Psyschologist Smiljana Grujic: “The Presence of Parents has a Healing Effect for Child’s Fears”
With the desire to provide support to parents and caregivers in this challenging period, our psychologist and psychotherapist Smiljana Grujic will respond to some common parent dilemmas. We hope that our new section “Parenting FAQ” is useful and interesting! If you want to ask Smiljana Grujic a question, feel free to write to us in the comment section below, and we will include an answer to your question in the next blog.
1.“Sometimes I’m sad, and I simply get crushed by worry during the day. How can I explain to my child why that is happening?”
When you are a parent, you have a right to be sad. Additionally, your child can see when you are sad. Sadness is an essential part of life, like any other emotion. Sadness is not the bogeyman. Parents usually don’t like letting their children see them when they are sad, they think they will in this way “spoil” the happy upbringing of their children. Usually, they believe that sadness is an emotion which is dealt with in more mature parts of life, and often they don’t like showing it in front of children.
What are the parents teaching the children by doing this? That sadness needs to be covered up, put away, hidden.
And children often do not know what to do with that emotion when it overtakes them. And they will know how to deal with it only if their parents teach them. Not just by telling them, but also by example. When parents accept the emotion and are not ashamed to show it in front of children, they teach children to manage the emotion and that they are also entitled to it. And that is relaxing, the fact that your parent is not telling you: “Don’t be sad, there’s no need”.
It’s important to know that it is not good to be sad continuously and to let sadness color your days and nights. We recommend you find time for it. Share with your child that some situation made you sad, draw your sadness, give it a name and use that opportunity to let the child do the same. If you accept that your emotional states are okay, you teach your child the same thing.
2. “What to do when the neighbors mind the kids? We are very stressed about it. We respect the house rules, but I have a feeling they will always be bothered by something,” – mom Ljubica
In these times, the majority of people are scared, angry, and need for safety and certainty. I would like you to start with the fact that your neighbors are having a hard time in this new situation and that they are more sensitive. When you start from that, the next step would be to consider what is something that you could do in this situation which frustrates you further. Respect house rules, that is completely fine. You could write a letter to the neighbors in which you will show understanding of disruption caused by the children, and at the same time ask them for understanding. By considering their perspective, you help them consider yours. And sometimes that is enough. When you do everything in your power, it will be easier for you to accept the fact that your children have their own needs, and that the neighbors’ dissatisfaction is their concern.
“Since the beginning of the pandemic, our 12-year-old girl has developed a serious fear of death. How do we help her?”
Children of various ages gradually learn about the concept of death. At this age, children understand that death is not a place from which someone is coming back. Twelve-year-olds understand the concept of death, and this fact leads to fear of death. In this case, the threat is specific, because death is talked about more during this period than usual.

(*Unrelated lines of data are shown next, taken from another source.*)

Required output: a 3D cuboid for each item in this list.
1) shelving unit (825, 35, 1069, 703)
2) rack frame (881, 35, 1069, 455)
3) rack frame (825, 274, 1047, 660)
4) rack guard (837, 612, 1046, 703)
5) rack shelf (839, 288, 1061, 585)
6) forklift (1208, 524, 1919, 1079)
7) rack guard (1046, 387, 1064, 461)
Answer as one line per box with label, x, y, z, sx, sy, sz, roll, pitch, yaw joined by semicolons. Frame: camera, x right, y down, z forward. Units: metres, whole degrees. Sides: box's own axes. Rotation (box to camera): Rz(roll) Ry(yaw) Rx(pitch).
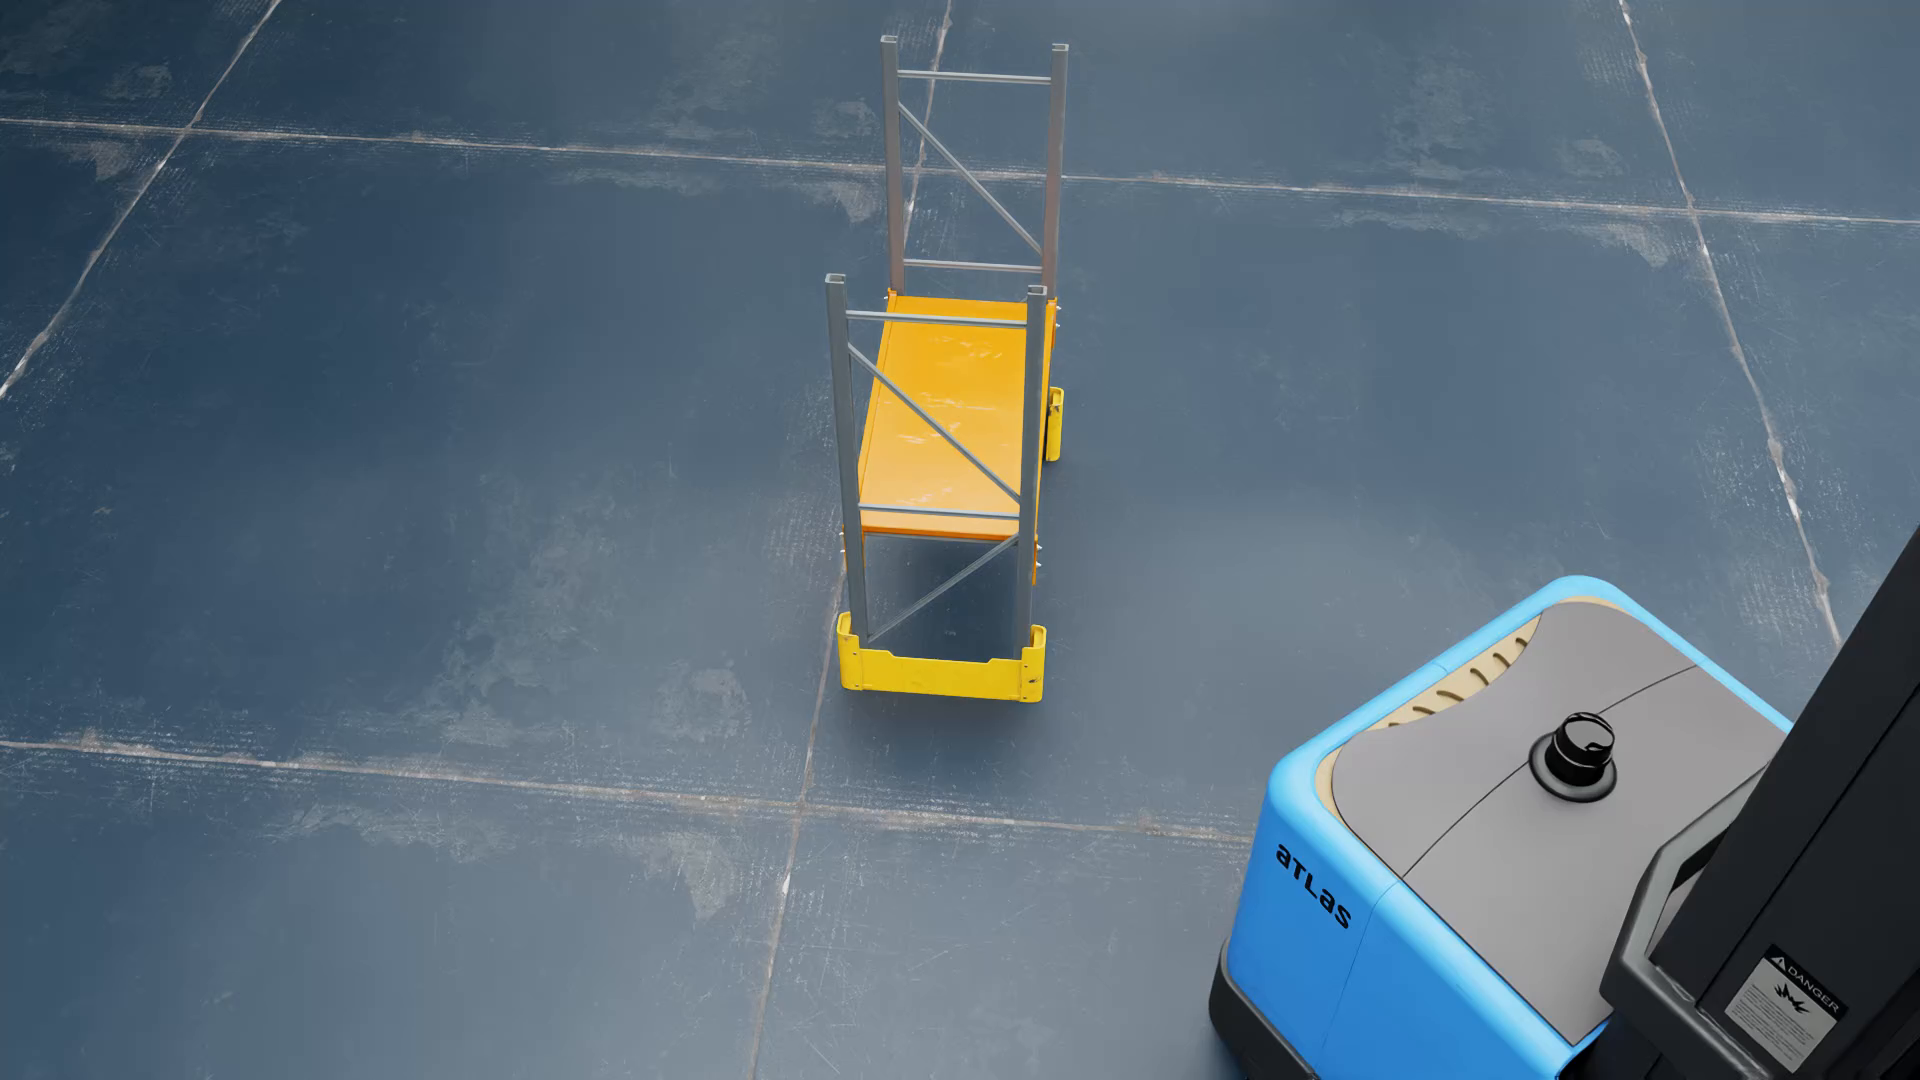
shelving unit;-0.007;-0.450;4.645;0.587;1.500;1.083;4;48;4
rack frame;0.039;-0.817;4.981;0.500;1.500;0.032;4;48;4
rack frame;-0.054;-0.070;4.298;0.500;1.500;0.032;4;48;4
rack guard;-0.052;0.338;4.772;0.587;0.250;0.087;4;48;4
rack shelf;-0.008;-0.322;4.772;0.538;0.185;1.000;4;48;4
forklift;1.879;0.882;2.457;1.130;2.935;3.031;-28;53;-23
rack guard;0.038;-0.394;5.441;0.587;0.250;0.087;4;48;4

When it comes to the fear of death, the role of the parent is very important.
Parents often get scared when they see this fear because they are scared of death too. They think it will help children if they reassure them. They say “You have nothing to be afraid of”, or “We will all die someday” or “You are being silly”. That is not constructive, we are telling the child that fear is undesirable, and that it should be buried, the further away, the better. Avoiding talking about this topic leads the child to believe that this event is so scary that it should not be talked about. This increases fear. You should share your honest opinions with children.
Also, it is helpful when parents are willing to talk about this topic without mincing words or evading. Child’s questions, dilemmas should be taken seriously, the child needs support in understanding fears, like everything else that is a part of its world. That is one of the ways for children to get to know their feelings. And that is a path to learning and finding a way to manage emotions. The child needs for its experiences to be acknowledged, at all the stages and phases it is in.
The presence of parents in emotional situations has a healing effect.
If support is lacking, the child’s fears persevere and multiply over time. The child overcomes different challenges most easily when it can share its fears, worries, thoughts and when the person who it is sharing its state of mind is not assessing, analyzing, criticizing. When a child can share with adults who are important in its life, and they are most often the parents, fears decrease, just like when happiness is shared – it increases.
Smiljana Grujic is the program manager of the Novak Djokovic Foundation and is a psychologist and psychotherapist by profession. Her focus is on compassionate communication and emotion management. Smiljana heads the Support, not perfection program which supports parents of children aged 0-6.